Previously published data from our lab have demonstrated that both low and high avidity effector cells can be generated from TgN(TCRP14LCMV) Rag2^tm1 splenocytes, specific for the LCMV gp_33–41 peptide (9,10,17). These CTL were generated by stimulation with peptide pulsed naïve splenocytes, a population with a very limited number of DC. Given that mature DC are the predominant activators of naïve T cells in vivo, we determined whether stimulation with this APC would also give rise to T cells with distinct functional avidities. TgN(TCRP14LCMV) Rag2^tm1 CD8⁺ T cell lines were generated using our standard approach of stimulation with splenocytes or alternatively using LPS-matured BMDC, each pulsed with a high (10⁻⁴M) vs. low (10⁻⁹M) concentration of gp_33–41 peptide.

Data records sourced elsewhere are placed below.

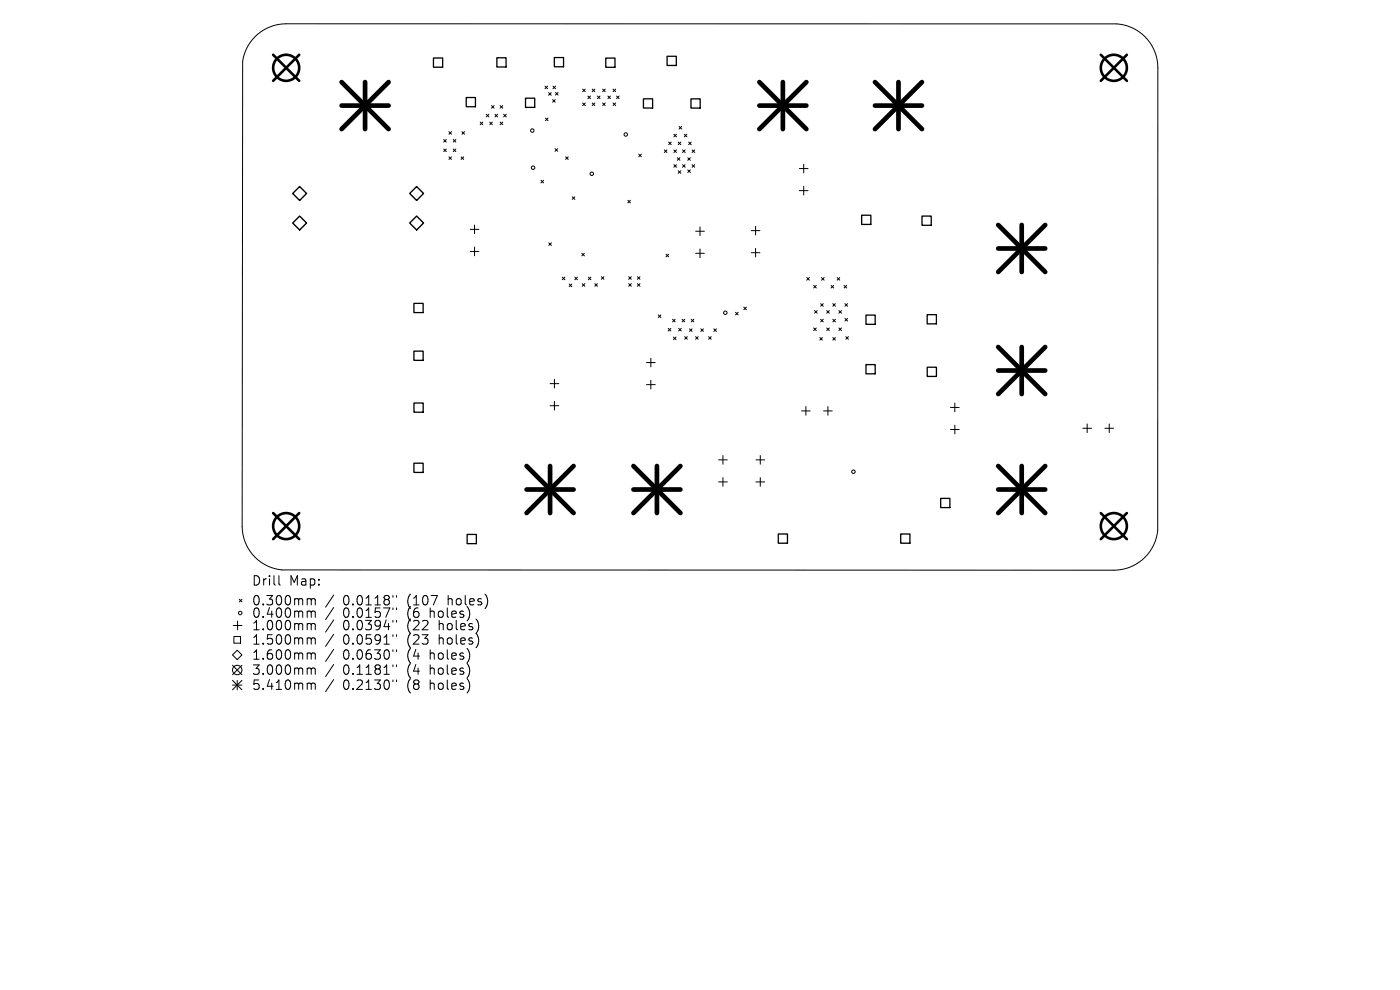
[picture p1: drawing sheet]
<svg xmlns="http://www.w3.org/2000/svg" width="297mm" height="210mm" viewBox="0 0 297 210" stroke-linecap="round" stroke-linejoin="round" font-family="sans-serif">
<defs><g id="words">
<g font-size="2.8">
<text x="53.3" y="124.5">Drill</text>
<text x="61.3" y="124.5">Map:</text>
<text x="53.3" y="128.7">0.300mm</text>
<text x="53.3" y="131.3">0.400mm</text>
<text x="72.8" y="128.7">0.0118&quot;</text>
<text x="72.8" y="131.3">0.0157&quot;</text>
<text x="86.5" y="128.7">(107</text>
<text x="86.5" y="131.3">(6</text>
<text x="91.5" y="131.3">holes)</text>
<text x="95.3" y="128.7">holes)</text>
<text x="53.3" y="134">1.000mm</text>
<text x="53.3" y="137">1.500mm</text>
<text x="72.8" y="134">0.0394&quot;</text>
<text x="72.8" y="137">0.0591&quot;</text>
<text x="86.5" y="134">(22</text>
<text x="86.5" y="137">(23</text>
<text x="93.4" y="134">holes)</text>
<text x="93.4" y="137">holes)</text>
<text x="53.3" y="140.2">1.600mm</text>
<text x="53.3" y="143.4">3.000mm</text>
<text x="72.8" y="140.2">0.0630&quot;</text>
<text x="72.8" y="143.4">0.1181&quot;</text>
<text x="86.5" y="140.2">(4</text>
<text x="86.5" y="143.4">(4</text>
<text x="91.5" y="140.2">holes)</text>
<text x="91.5" y="143.4">holes)</text>
<text x="53.3" y="146.6">5.410mm</text>
<text x="72.8" y="146.6">0.2130&quot;</text>
<text x="86.5" y="146.6">(8</text>
<text x="91.5" y="146.6">holes)</text>
</g>
</g></defs>
<g fill="none" stroke="#000" stroke-width=".21">
<path d="M54.1 7.8a9.3 9.3 0 0 1 6.5-2.8l176.3 .1a9.3 9.3 0 0 1 8.7 9.3v98.2a9.4 9.4 0 0 1-9.3 8.4l-176.5-.1a9.3 9.3 0 0 1-8.4-9.2l.1-98.7a9.3 9.3 0 0 1 2.6-5.2zM115.6 18.3l.6 .5M116.2 18.3l-.6 .5M116.4 19.7l.5 .5M116.9 19.7l-.5 .5M117.3 18.3l.6 .5M117.8 19.6l.6 .6M117.9 18.3l-.6 .5M118.4 19.6l-.6 .6M123.6 18.9l.6 .6M124.2 18.9l-.6 .6M125.6 18.9l.6 .6"/>
<path d="M126.2 18.9l-.6 .6M127.8 18.9l.6 .6M128.4 18.9l-.6 .6M130.1 18.9l.5 .6M130.6 18.9l-.5 .6M94.1 29.6l.6 .5M94.1 31.6l.6 .6M94.7 29.6l-.6 .5M94.7 31.6l-.6 .6M95.2 27.9l.6 .6M95.2 33.3l.6 .5M95.8 27.9l-.6 .6"/>
<path d="M95.8 33.3l-.6 .5M96.2 31.6l.5 .6M96.2 29.6l.5 .5M96.7 29.6l-.5 .5M96.7 31.6l-.5 .6M97.8 33.3l.6 .5M98 27.9l.6 .6M98.4 33.3l-.6 .5M98.6 27.9l-.6 .6M101.9 25.9l.5 .6M102.4 25.9l-.5 .6M103.2 24.2l.5 .6"/>
<path d="M103.7 24.2l-.5 .6M103.9 25.9l.5 .6M104.3 22.4l.5 .6M104.4 25.9l-.5 .6M104.8 22.4l-.5 .6M105 24.2l.6 .6M105.6 24.2l-.6 .6M106.1 22.4l.6 .6M106.1 25.9l.6 .6M106.7 22.4l-.6 .6M106.7 25.9l-.6 .6M106.8 24.2l.6 .6"/>
<path d="M107.4 24.2l-.6 .6M114.8 38.2l.5 .6M115.3 38.2l-.5 .6M115.7 25l.6 .6M116.3 25l-.6 .6M117.2 21.1l.6 .6M117.7 31.5l.6 .6M117.8 21.1l-.6 .6M118.3 31.5l-.6 .6M120 33.3l.6 .5M120.6 33.3l-.6 .5M123.6 21.8l.6 .6"/>
<path d="M124.2 21.8l-.6 .6M124.7 20.4l.6 .5M125.3 20.4l-.6 .5M125.6 21.8l.6 .6M126.2 21.8l-.6 .6M126.7 20.4l.6 .5M127.3 20.4l-.6 .5M127.8 21.8l.6 .6M128.4 21.8l-.6 .6M129 20.4l.5 .5M129.5 20.4l-.5 .5M130.1 21.8l.5 .6"/>
<path d="M130.6 21.8l-.5 .6M130.8 20.4l.5 .5M131.3 20.4l-.5 .5M135.5 32.7l.6 .6M136.1 32.7l-.6 .6M140.9 31.8l.6 .6M141.5 31.8l-.6 .6M141.9 30.1l.5 .6M142.4 30.1l-.5 .6M143 31.8l.5 .6M143 28.5l.5 .5M143 34.9l.5 .6"/>
<path d="M143.5 28.5l-.5 .5M143.5 31.8l-.5 .6M143.5 34.9l-.5 .6M143.7 33.5l.5 .5M143.9 30.1l.5 .6M143.9 36.2l.5 .6M144.1 26.8l.5 .6M144.2 33.5l-.5 .5M144.4 30.1l-.5 .6M144.4 36.2l-.5 .6M144.6 26.8l-.5 .6M144.8 31.8l.6 .6"/>
<path d="M144.8 34.9l.6 .6M145.2 28.5l.5 .5M145.4 31.8l-.6 .6M145.4 34.9l-.6 .6M145.7 28.5l-.5 .5M145.9 36l.6 .6M145.9 33.5l.6 .5M146.1 30.1l.5 .6M146.5 33.5l-.6 .5M146.5 36l-.6 .6M146.6 30.1l-.5 .6M146.8 31.8l.6 .6"/>
<path d="M146.8 34.9l.6 .6M147.4 31.8l-.6 .6M147.4 34.9l-.6 .6M169.6 35.8h1.8M170.5 34.8v1.9M170.5 39.5v1.9M99.7 48.7h1.9M99.7 53.3h1.9M100.7 47.7v1.9M100.7 52.4v1.9M116.4 51.5l.6 .6M117 51.5l-.6 .6"/>
<path d="M119.3 58.8l.5 .5M119.8 58.8l-.5 .5M121.4 41.7l.6 .6M122 41.7l-.6 .6M122 58.8l.5 .5M122.5 58.8l-.5 .5M123.4 53.7l.6 .6M124 53.7l-.6 .6M124.8 58.8l.6 .5M125.4 58.8l-.6 .5M127.6 58.7l.5 .6M128.1 58.7l-.5 .6"/>
<path d="M133.2 42.5l.5 .5M133.4 58.7l.5 .6M133.7 42.5l-.5 .5M133.9 58.7l-.5 .6M135.2 58.7l.6 .6M135.8 58.7l-.6 .6M141.3 53.9l.6 .6M141.9 53.9l-.6 .6M147.6 49.1h1.8M147.6 53.7h1.8M148.5 48.1v1.9M148.5 52.8v1.9"/>
<path d="M159.4 48.9h1.8M159.4 53.6h1.8M160.3 48v1.8M160.3 52.7v1.8M169.6 40.4h1.8M171.1 58.9l.6 .5M171.7 58.9l-.6 .5M174.3 58.9l.5 .5M174.8 58.9l-.5 .5M177.6 58.9l.5 .5M178.1 58.9l-.5 .5M120.8 60.3l.5 .5"/>
<path d="M121.3 60.3l-.5 .5M123.5 60.2l.6 .5M124.1 60.2l-.6 .5M126.2 60.2l.5 .5M126.7 60.2l-.5 .5M133.4 60.2l.5 .5M133.9 60.2l-.5 .5M135.2 60.2l.6 .5M135.8 60.2l-.6 .5M137.2 76.9h1.8M138.1 76v1.8M139.6 66.8l.6 .6"/>
<path d="M140.2 66.8l-.6 .6M141.8 69.7l.5 .5M142.3 69.7l-.5 .5M142.7 67.7l.5 .6M142.9 71.5l.5 .6M143.2 67.7l-.5 .6M143.4 71.5l-.5 .6M144 69.7l.5 .5M144.5 69.7l-.5 .5M144.7 67.7l.6 .6M145.3 67.7l-.6 .6M145.3 71.4l.5 .6"/>
<path d="M145.8 71.4l-.5 .6M146.3 69.8l.5 .5M146.6 67.7l.6 .6M146.8 69.8l-.5 .5M147.2 67.7l-.6 .6M147.6 71.4l.5 .6M148.1 71.4l-.5 .6M148.7 69.8l.5 .5M149.2 69.8l-.5 .5M150.3 71.4l.6 .6M150.9 71.4l-.6 .6M151.4 69.8l.6 .5"/>
<path d="M152 69.8l-.6 .5M156 66.3l.6 .5M156.6 66.3l-.6 .5M157.8 65.1l.5 .6M158.3 65.1l-.5 .6M172.6 60.5l.6 .6M172.6 69.6l.6 .5M172.8 65.9l.6 .5M173.2 60.5l-.6 .6M173.2 69.6l-.6 .5M173.4 65.9l-.6 .5M173.9 71.6l.6 .5"/>
<path d="M174.1 64.4l.5 .6M174.1 67.7l.5 .6M174.5 71.6l-.6 .5M174.6 64.4l-.5 .6M174.6 67.7l-.5 .6M175.4 65.9l.5 .5M175.4 69.6l.5 .5M175.9 65.9l-.5 .5M175.9 69.6l-.5 .5M176.3 60.5l.6 .6M176.7 64.4l.5 .6M176.7 67.7l.5 .6"/>
<path d="M176.7 71.6l.5 .5M176.9 60.5l-.6 .6M177.2 64.4l-.5 .6M177.2 67.7l-.5 .6M177.2 71.6l-.5 .5M178 65.9l.5 .5M178 69.6l.5 .5M178.5 65.9l-.5 .5M178.5 69.6l-.5 .5M179.1 60.5l.5 .6M179.3 64.4l.5 .6M179.3 67.5l.5 .6"/>
<path d="M179.4 71.4l.6 .6M179.6 60.5l-.5 .6M179.8 64.4l-.5 .6M179.8 67.5l-.5 .6M180 71.4l-.6 .6M116.7 81.4h1.8M116.7 86.1h1.8M117.6 80.5v1.8M117.6 85.1v1.9M137.2 81.6h1.8M138.1 80.7v1.8M152.4 97.5h1.9"/>
<path d="M153.4 96.6v1.9M160.4 97.5h1.8M161.3 96.6v1.9M170 87.2h1.9M171 86.2v1.9M174.7 87.2h1.9M175.6 86.2v1.9M201.6 86.4h1.9M201.6 91.1h1.9M202.6 85.5v1.9M202.6 90.2v1.8M229.7 90.9h1.9"/>
<path d="M230.6 89.9v1.9M234.4 90.9h1.8M235.3 89.9v1.9M152.4 102.2h1.9M153.4 101.3v1.9M160.4 102.2h1.8M161.3 101.3v1.9M49.5 132.7h1.8M49.6 135h1.4v1.4h-1.4zM50.3 137.9l1 1-1 1-1-1zM50.4 131.8v1.8M50.8 127.1l.5 .6"/>
<path d="M51.3 127.1l-.5 .6M59.2 122.1v1.7l.3 .3M65.5 127h.2l.3 .3M65.5 129.6l.4 .1 .1 .2M65.5 132.3h.2l.3 .3M65.5 135.3h.2l.3 .3M65.5 138.5h.2l.3 .3M66 127.3l.3-.3 .5 .1 .1 1.2M66 127.3v1M66 129.9v1.1M66 132.6v1M66 135.6v1"/>
<path d="M66 138.8v1M66 129.9l.3-.3 .5 .1 .1 1.3M66 132.6l.3-.3 .5 .1 .1 1.2M66 135.6l.3-.3 .5 .1 .1 1.2M66 138.8l.3-.3 .5 .1 .1 1.2M70.8 126.2l-1.7 2.6M70.8 128.9l-1.7 2.5M70.8 131.5l-1.7 2.6M70.8 134.5l-1.7 2.6M70.8 137.7l-1.7 2.6M83.4 126.3v.4M83.4 129v.3"/>
<path d="M83.4 131.6v.4M83.4 134.6v.4M83.4 137.8v.4M84.1 126.3v.4M84.1 129v.3M84.1 131.6v.4M84.1 134.6v.4M84.1 137.8v.4M49.3 141.1l2 2M49.3 144.3l2 2M49.3 145.3h2M50.3 144.3v2"/>
<path d="M51.3 141.1l-2 2M51.3 144.3l-2 2M65.5 141.7h.2l.3 .3M65.5 144.9l.4 .1 .1 .2M66 142v1M66 145.2v1M66 142l.3-.3 .5 .1 .1 1.2M66 145.2l.3-.3 .5 .1 .1 1.2M70.8 140.9l-1.7 2.6M70.8 144.1l-1.7 2.6M83.4 141v.4M83.4 144.2v.4"/>
<path d="M84.1 141v.4M84.1 144.2v.4"/>
<circle cx="112.9" cy="27.7" r=".37"/>
<circle cx="113.1" cy="35.6" r=".37"/>
<circle cx="125.5" cy="36.9" r=".37"/>
<circle cx="132.8" cy="28.5" r=".37"/>
<circle cx="153.9" cy="66.3" r=".37"/>
<circle cx="181.1" cy="100.1" r=".37"/>
<circle cx="51" cy="130" r=".37"/>
<circle cx="50.3" cy="142.1" r="1"/>
</g>
<g fill="none" stroke="#000" stroke-width=".28">
<path d="M92 12.3h1.9v2h-1.9zM105.4 12.3h2v1.9h-2zM117.6 12.2h2v2h-2zM128.5 12.3h2v2h-2zM141.5 11.9h2v2h-2zM98.9 20.7h2v1.9h-2zM111.5 20.8h1.9v2h-1.9zM136.5 21h2v1.9h-2zM146.6 21h1.9v1.9h-1.9zM182.8 45.7h1.9v1.9h-1.9zM195.6 45.8h2v2h-2zM87.8 64.4h2v1.9h-2z"/>
<path d="M87.8 74.5h2v1.9h-2zM183.7 66.8h2v2h-2zM183.7 77.3h2v2h-2zM196.7 66.7h2v2h-2zM196.7 77.9h2v2h-2zM87.8 98.3h2v1.9h-2zM87.8 85.5h2v1.9h-2zM99.1 113.4h2v1.9h-2zM165.1 113.3h2v1.9h-2zM191.1 113.3h1.9v1.9h-1.9zM199.6 105.7h1.9v2h-1.9z"/>
</g>
<path d="M62.1 41l1.5-1.4 1.4 1.4-1.4 1.5zM62.1 47.3l1.5-1.5 1.4 1.5-1.4 1.5zM86.9 41l1.5-1.4 1.5 1.4-1.5 1.5zM86.9 47.3l1.5-1.5 1.5 1.5-1.5 1.5z" fill="none" stroke="#000" stroke-width=".29"/>
<g fill="none" stroke="#000" stroke-width=".55">
<path d="M57.9 11.6l5.6 5.5M63.5 11.6l-5.6 5.5M233.5 11.6l5.6 5.5M239.1 11.6l-5.6 5.5M57.9 108.8l5.6 5.6M63.5 108.8l-5.6 5.6M233.5 108.8l5.6 5.6M239.1 108.8l-5.6 5.6"/>
<circle cx="60.7" cy="14.4" r="2.76"/>
<circle cx="236.3" cy="14.4" r="2.76"/>
<circle cx="60.7" cy="111.6" r="2.76"/>
<circle cx="236.3" cy="111.6" r="2.76"/>
</g>
<g fill="none" stroke="#000" stroke-width="1">
<path d="M72.5 17.4l9.9 10M77.5 17.4v10M82.4 17.4l-9.9 10M161.1 17.4l10 10M166.1 17.4v10M171.1 17.4l-10 10M185.6 17.4l10 10M190.6 17.4v10M195.6 17.4l-10 10M72.5 22.4h9.9M161.1 22.4h10M185.6 22.4h10"/>
<path d="M211.8 47.7l9.9 10M211.8 52.7h9.9M216.8 47.7v10M221.7 47.7l-9.9 10M211.8 73.6l9.9 10M211.8 78.6h9.9M216.8 73.6v10M221.7 73.6l-9.9 10M111.7 98.9l10 9.9M116.7 98.9v9.9M121.7 98.9l-10 9.9M134.4 98.9l9.9 9.9"/>
<path d="M139.4 98.9v9.9M144.3 98.9l-9.9 9.9M211.8 98.9l9.9 9.9M216.8 98.9v9.9M221.7 98.9l-9.9 9.9M111.7 103.8h10M134.4 103.8h9.9M211.8 103.8h9.9"/>
</g>
<use href="#words"/>
</svg>

On day 7 post-tertiary stimulation, functional avidity was examined by assessing production of IFNγ. As previously reported, CTL stimulated with 10⁻⁴M peptide pulsed splenocytes required ~100-fold more peptide for half-maximal production of IFNγ compared to the CTL stimulated with the 10⁻⁹M peptide pulsed splenocytes (Fig. 1). This indicated that, as expected, CTL of distinct functional avidities were generated by stimulation with this predominantly non-professional APC population. However, regardless of the priming antigen concentration used, CTL stimulated with DC exhibited a similar requirement for peptide. In fact, both CTL lines exhibited a characteristically high avidity phenotype, similar to the CTL generated by stimulation with 10⁻⁹M peptide-pulsed splenocytes. This was the case at all times tested (i.e. following primary and secondary stimulation). Thus, for DC, the stimulatory peptide dose does not appear to control the quality of the T cell response generated, as both low and high concentrations of peptide led to the generation of high avidity CTL.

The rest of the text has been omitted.